NATUral orbitals: Use this keyword to produce the true natural orbitals. The keyword should be followed by a new line with an integer specifying the maximum CI root for which the orbitals and occupation numbers are needed. One file for each root will be generated up to the specified number. In a one state RASSCF calculation this number is always 1, but if an average calculation has been performed, the NO’s can be obtained for all the states included in the energy averaging. Note that the natural orbitals main use is as input for property calculations using SEWARD. The files will be named RASORB, RASORB.2, RASORB.3, etc. This keyword is on by default for up to ten roots.

SPIN orbitals. This keyword is used to produce a set of spin orbitals and is followed by a new line with an integer specifying the maximum CI root for which the orbitals and occupation numbers are needed. One file for each root will be generated up to the specified number. Note, for convenience the doubly occupied and secondary orbitals have been added to these sets with occupation numbers 0 (zero). The main use of these orbitals is to act as input to property calculations and for graphical presentations. This keyword is on by default for all roots.

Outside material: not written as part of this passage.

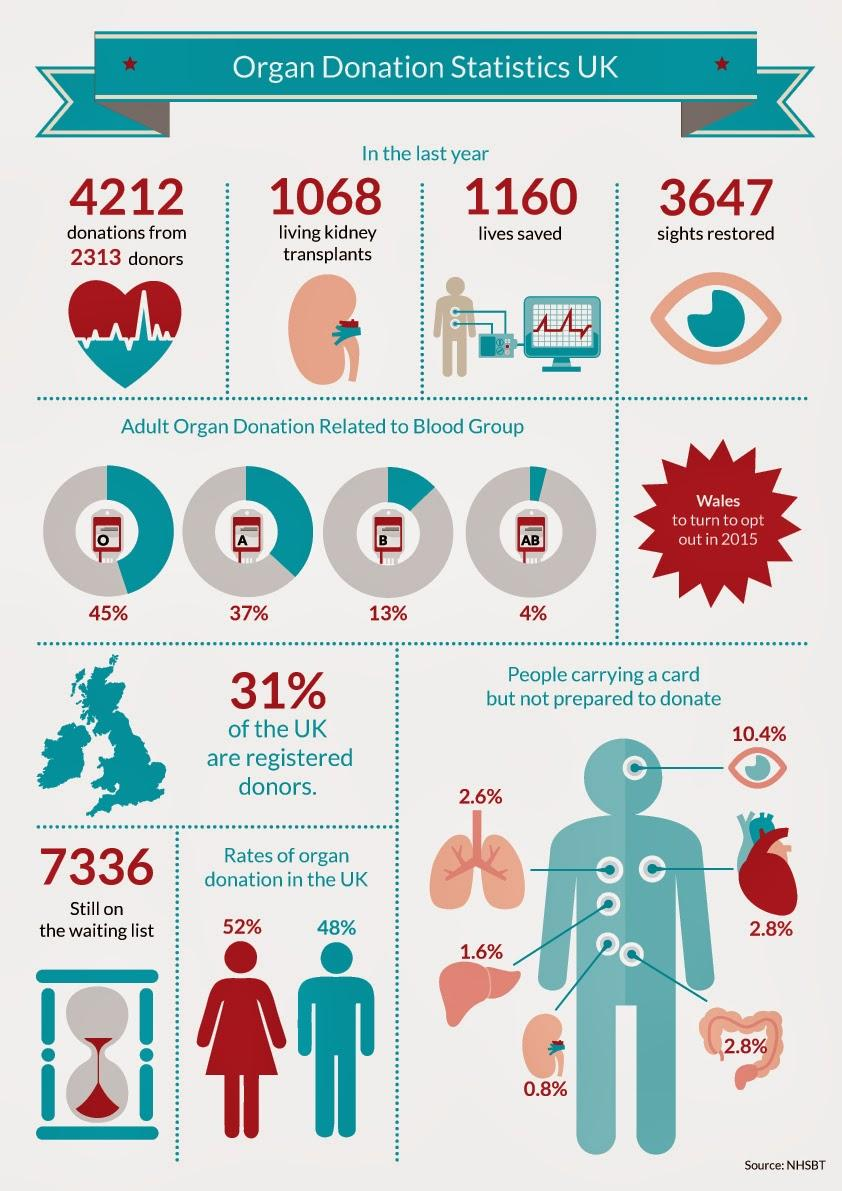Point out several critical features in this image. According to a recent survey, only 0.8% of card holders are not prepared to donate a kidney. The organ shown in the second image is the kidney. It was found that 89.6% of card holders are willing to donate their eyes. According to UK statistics, the majority of organ donors are women. The percentage of organ donation made by people belonging to blood group O is the highest among A, AB, O, and B blood groups.

An example input follows in which five files are requested containing natural orbitals for roots one to five of a RASSCF calculation. The files are named RASORB.1, RASORB.2, RASORB.3, RASORB.4, and RASORB.5, respectively for each one of the roots. Although this is the default, it can be used complemented by the ORBOnly keyword, and the orbitals will be read from a JobIph file from a previous calculation, in case the formated files were lost or you require more than ten roots. As an option the MAXOrb can be also used to increase the number of files over ten.

OUTOrbital= Natural; 15

ORBListing

This keyword is followed with a word showing how extensive you want the orbital listing to be in the printed output. The alternatives are:

• NOTHing: No orbitals will be printed (suggested for numerical CASPT2 optimization). (Also, the old VERYbrief will be accepted).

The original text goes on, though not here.